# MATERIAL FOR THIS EXERCISE

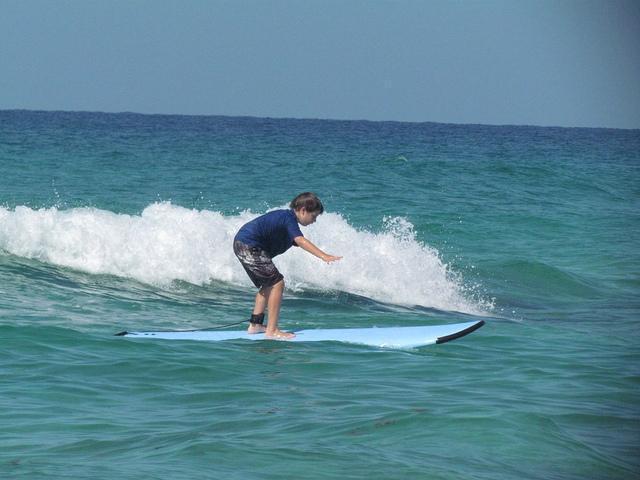How many shirts can be seen?
Give a very brief answer. 1. How many people are in the photo?
Give a very brief answer. 1. How many different colors of bears are there?
Give a very brief answer. 0. 
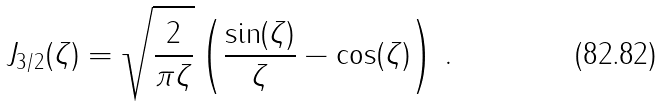Convert formula to latex. <formula><loc_0><loc_0><loc_500><loc_500>J _ { 3 / 2 } ( \zeta ) = \sqrt { \frac { 2 } { \pi \zeta } } \left ( \frac { \sin ( \zeta ) } { \zeta } - \cos ( \zeta ) \right ) \, .</formula> 
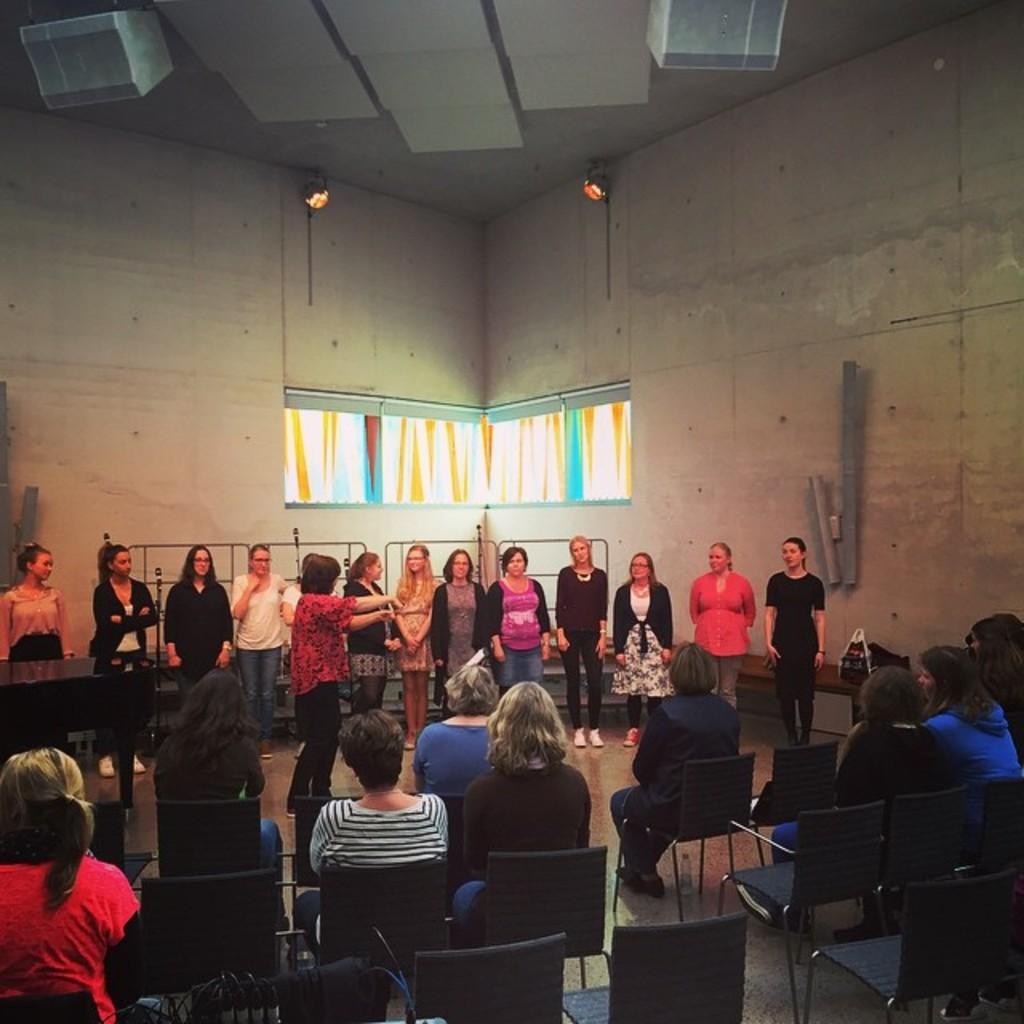Describe this image in one or two sentences. In this image, we can see some people standing, there are some people sitting on the chairs, we can see the walls and windows, at the top we can see two speakers. 
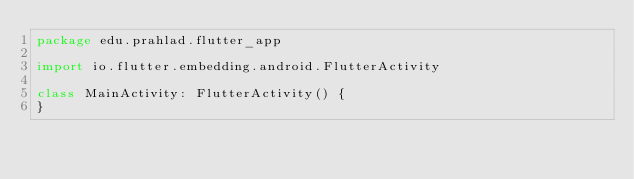<code> <loc_0><loc_0><loc_500><loc_500><_Kotlin_>package edu.prahlad.flutter_app

import io.flutter.embedding.android.FlutterActivity

class MainActivity: FlutterActivity() {
}
</code> 
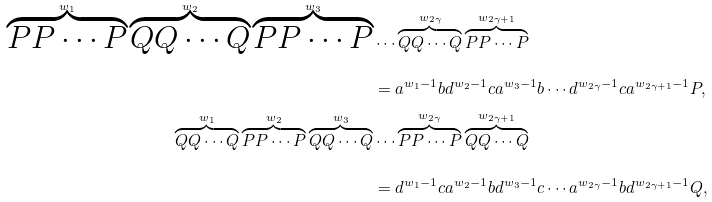Convert formula to latex. <formula><loc_0><loc_0><loc_500><loc_500>\overbrace { P P \cdots P } ^ { w _ { 1 } } \overbrace { Q Q \cdots Q } ^ { w _ { 2 } } \overbrace { P P \cdots P } ^ { w _ { 3 } } & \cdots \overbrace { Q Q \cdots Q } ^ { w _ { 2 \gamma } } \overbrace { P P \cdots P } ^ { w _ { 2 \gamma + 1 } } \\ & = a ^ { w _ { 1 } - 1 } b d ^ { w _ { 2 } - 1 } c a ^ { w _ { 3 } - 1 } b \cdots d ^ { w _ { 2 \gamma } - 1 } c a ^ { w _ { 2 \gamma + 1 } - 1 } P , \\ \overbrace { Q Q \cdots Q } ^ { w _ { 1 } } \overbrace { P P \cdots P } ^ { w _ { 2 } } \overbrace { Q Q \cdots Q } ^ { w _ { 3 } } & \cdots \overbrace { P P \cdots P } ^ { w _ { 2 \gamma } } \overbrace { Q Q \cdots Q } ^ { w _ { 2 \gamma + 1 } } \\ & = d ^ { w _ { 1 } - 1 } c a ^ { w _ { 2 } - 1 } b d ^ { w _ { 3 } - 1 } c \cdots a ^ { w _ { 2 \gamma } - 1 } b d ^ { w _ { 2 \gamma + 1 } - 1 } Q ,</formula> 
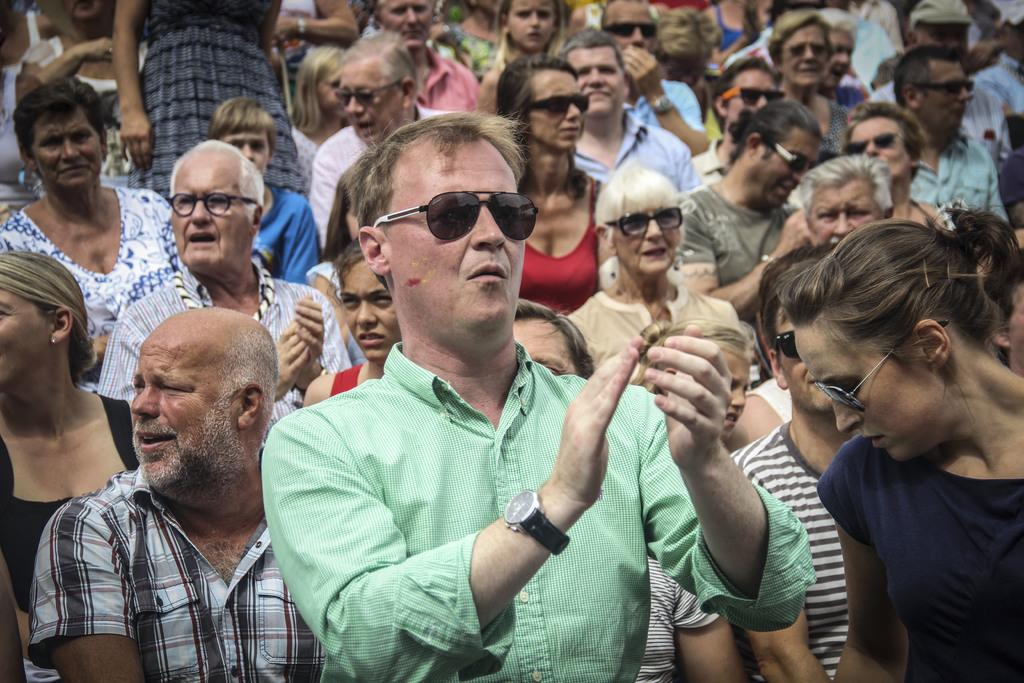How many people are in the image? There are multiple people in the image. What type of accessory are most of the people wearing? Most of the people in the image are wearing shades. What type of advice is being exchanged between the people in the image? There is no indication in the image that any advice is being exchanged between the people.

# TASK DIRECTIONS
Go through the listing above and find each line that contains "Give", then copy it.

# ANSWER BELOW
Give a very brief answer. 1. How many people are in the photo?
Give a very brief answer. 1. How many different colors of bears are there?
Give a very brief answer. 0. 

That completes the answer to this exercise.